I'm a very blessed lady.
There
has not been a day that I remember when I didn't know Jesus and all he did for me.
I was the daughter of a Baptist
minister who at the tender age of ‘as soon as I could talk’ I would be found singing “gone, gone, gone gone, yes my sins are gone”,
to the amusement of those around who
would wonder at the level of sins that this nearly two year old had experienced. A glimpse into my future maybe. To a teenager struggling with her desire to
be cool and fit in, so much so that my life ended up as a battleground of who I
really wanted to be. Only it was never really a contest.
Jesus had won me every
time.
Zip forward years later, past the wonderful husband who only God would
have known would be so right for me, on to the call of God on our life to
open our home and work with young people and amidst that, our two gorgeous
girls. And here was I with a huge dose
of enormous love, more than I could ever imagine, alongside hopes and dreams, fears
and an unfathomable sense of responsibility. You know that feeling. With the biggest hope and dream being that my
girls would know Jesus as their Saviour. So often I would be found praying specifically for things but always including in my prayer ‘but not if it doesn't
mean they won't know you.’ There was
a lot of fear there I guess and not a lot of trust.
“help
them pass this exam but not if it means they don’t know you”
“help them succeed in this and that but not if
it means they don't know you”
“give them
friends, but only if they lead them to you”. You know that kind of thing.
What are your fears for those who you love?
For a beautiful teenage
girl?
And then sure enough, one of my
fears happened. I was in America, Alan was in another
state speaking at a ski retreat (some people get all the good jobs) and so alone,
without my man, I took a phone call and heard the words that you hope you never have to hear. “Mummy I'm pregnant!” My beautiful baby girl,17 years old, and all I could say was “I love you, I love you, I love you. We'll get through this”.

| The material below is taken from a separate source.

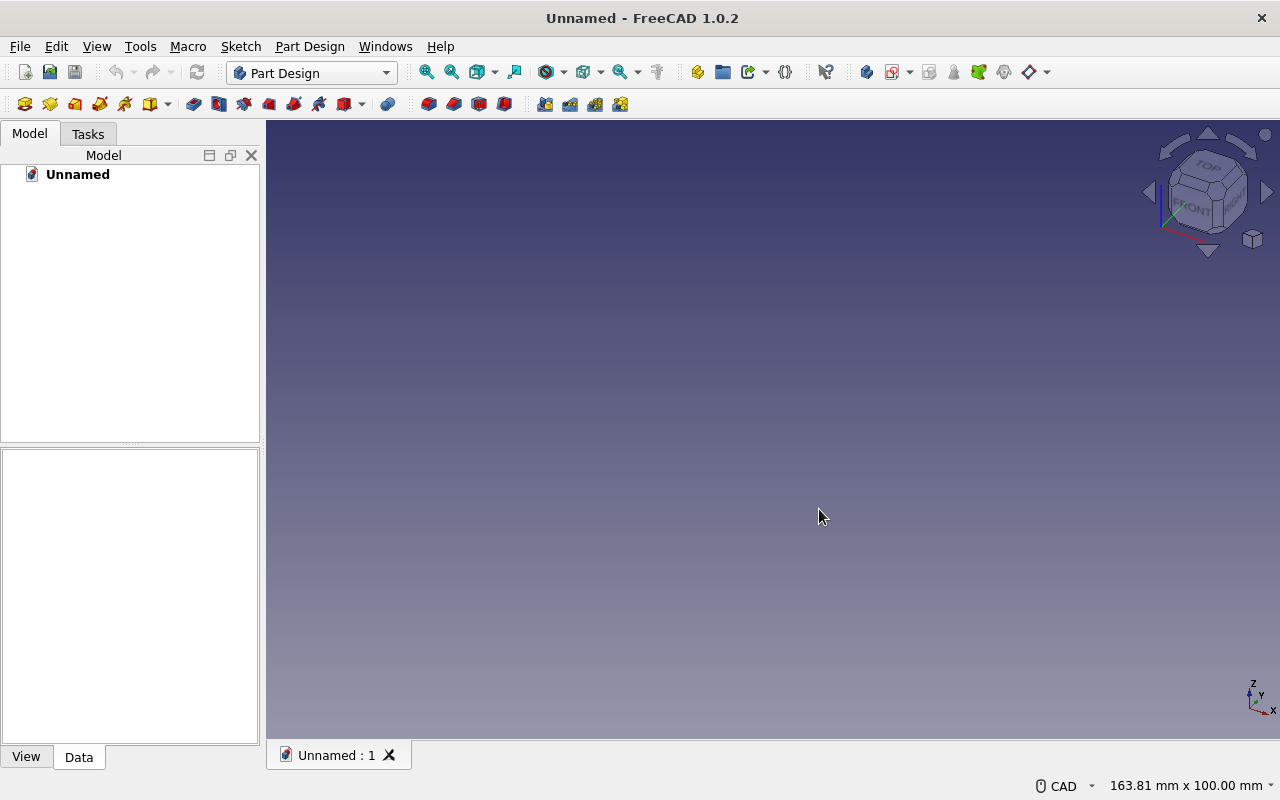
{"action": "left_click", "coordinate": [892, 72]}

As I lay on my bed that night, not sleeping but a lot of sobbing, I felt
the crash of my hopes and dreams for her. I knew what it would mean. I was scared. I
knew she was scared. What now? What would
her future be? And I was angry too. You
see the father was a boy she met at the club we ran, for unchurched young
people, and we had always encouraged our girls to be involved, to come
alongside all young people, to love and
not judge. And now God why did you let
this happen? Her having dropped out of
ballet school because of injury and with time on her hands and him excluded
from school with time on his hands. I
knew there wasn't going to be a happy ending here. And there and then God gave me the verse in Romans 4 v 18,
'Against
all hope, Abraham in hope believed.'
'Against
all hope, Alyson in hope believed.'
I wasn't even sure what I was believing for, but I would hope.
When I told my friend and pastor of our church in America he said just
three words, and I have dwelt long and often on those words. He said. "Was God surprised?" Was God surprised? Of course not. But what did that mean for us, for
Hannah, for the baby Kai, because God wasn't surprised?
Whilst I was away in another country my dear daddy took his
granddaughter and enacted the love of our Father God and declared the forgiveness of Jesus
and my prodigal daughter melted under the robe of righteousness placed over
her. Jesus had won her. She now has tattooed on her arm
the bible verse 2 Corinthians 5 v 17 “Therefore if anyone is in Christ they are a
new creation the old has gone and the new has come”.
My prayers of whatever, as long as she knows you Jesus, often come back
to me as I watch her struggle sometimes, as a young mum. It was a dark moment and Satan desired to sift us as wheat, to rip us apart but Jesus had won
us. There was a greater plan that I won't totally understand what, how or why, but this I knew God was not surprised. He
knew.
I’m reading a book at the moment called 1000 gifts which summed it up so
well. “That which seems evil only seems
so because of perspective, the way the eyes see the shadows. Above the clouds, light never shops shining." The writer, Ann Voskamp, also includes these words heard by Julian of Norwich and written in her
revelations of love.
“See that I am God. See that I am
in everything. See that I do everything. See that I have never stopped ordering my
works, nor ever shall, eternally. See
that I lead everything on to the conclusion I ordained for it before time
began, by the same power, wisdom and love with which I made it. How can anything be amiss?”
I stood in the park one day watching my blond haired grandson play
football and I was reminded of many years before, at a ladies meeting, just like
this, there was a time of prophetic praying.
A lady gave me a picture; she asked me do you have a son. No I said. Oh. Well I have this picture of you in a park
with a blond haired boy playing football!
“ before you were in your mother's
womb I knew you.”
Was God surprised? Of course
not. For with him there is always hope.
As I read recently in the same book
1000 gifts:
“If we haven't lost Christ child. Then nothing is ever lost.”